Having inventory of all assets, including device fingerprinting, updated in real-time without human intervention is a first line of defense in reducing MTTR.  If we can quickly look up a MAC or IP (via an Inventory Repository or DHCP log correlation) and determine ownership, last seen location and device type, we can begin troubleshooting with a much more informed stance.

Many customers confuse “inventory” and fingerprinting with NAC, (Network Access Control) and are fearful due to the complexity or administrative burden sometimes associated with that term.

We have unique solutions which can pull information from your DHCP server, snoop DHCP exchanges/HTTP headers and allow ALL devices on your network without the heavy lift.  This can be a precursor to a NAC deployment, or simply allowed to continually collect and update your access layer inventory automatically.
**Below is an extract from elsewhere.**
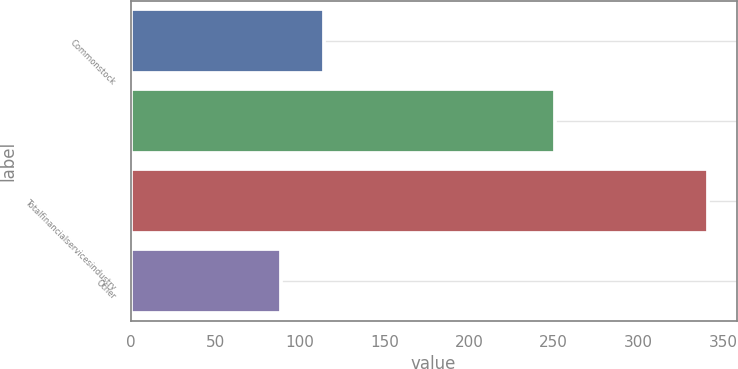Convert chart. <chart><loc_0><loc_0><loc_500><loc_500><bar_chart><fcel>Commonstock<fcel>Unnamed: 1<fcel>Totalfinancialservicesindustry<fcel>Other<nl><fcel>114.2<fcel>251<fcel>341<fcel>89<nl></chart>

RF/WLAN and Access Layer Visibility

Access Layer Visibility can include data on switch port statistics, uplink utilization, error rates and end-to-end link monitoring.

aruba_01

When we introduce Wireless and RF into an environment, it may create a huge hole in statistical and error rate troubleshooting capabilities for Network Managers.

We leverage tools such as Aruba Network Airwave Management platform to provide cohesive wired and wireless Access Layer visibility.  We can gather wired port and uplink data from a multi-vendor network, as well as expand WLAN visibility in a multi-vendor wireless environment.

Aruba_02

The ability to visualize users/devices upon a live floorplan/heat map is an amazingly valuable tool to identify areas of poor coverage, interference or a misconfigured or defective client device.

Network Reliability / Diagnostic Tools

Finding and isolating WLAN coverage holes as well as performing site surveys are critical as today’s access layer becomes primarily Wireless.  Tools such as the AirMagnet Survey Pro and Spectrum XT can be utilized to provide a vendor-neutral tool to map coverage and identify interference sources.  It is a critical tool in our toolkit, used to provide post-installation validations and on-demand troubleshooting for Wireless LANs, regardless of the vendor.

For end-to-end testing and diagnostics, a number of free and commercial tools exist to provide data upon round-trip timing and packet loss.  The simple IPerf/JPerf tools described in these locations are the most commonly used tools to gather quick end-to-end performance statistics:

As a Network Manager, the network is always blamed.  Sometimes, rightfully so.  If it is the network, you want to quickly resolve it, and if it is not, you want to confidently defend your position with valuable data to help other departments resolve the issues and restore services as quickly as possible.  Having insight into your network’s dynamic resources, their locations and diagnostics are ways to shorten the troubleshooting lifecycle.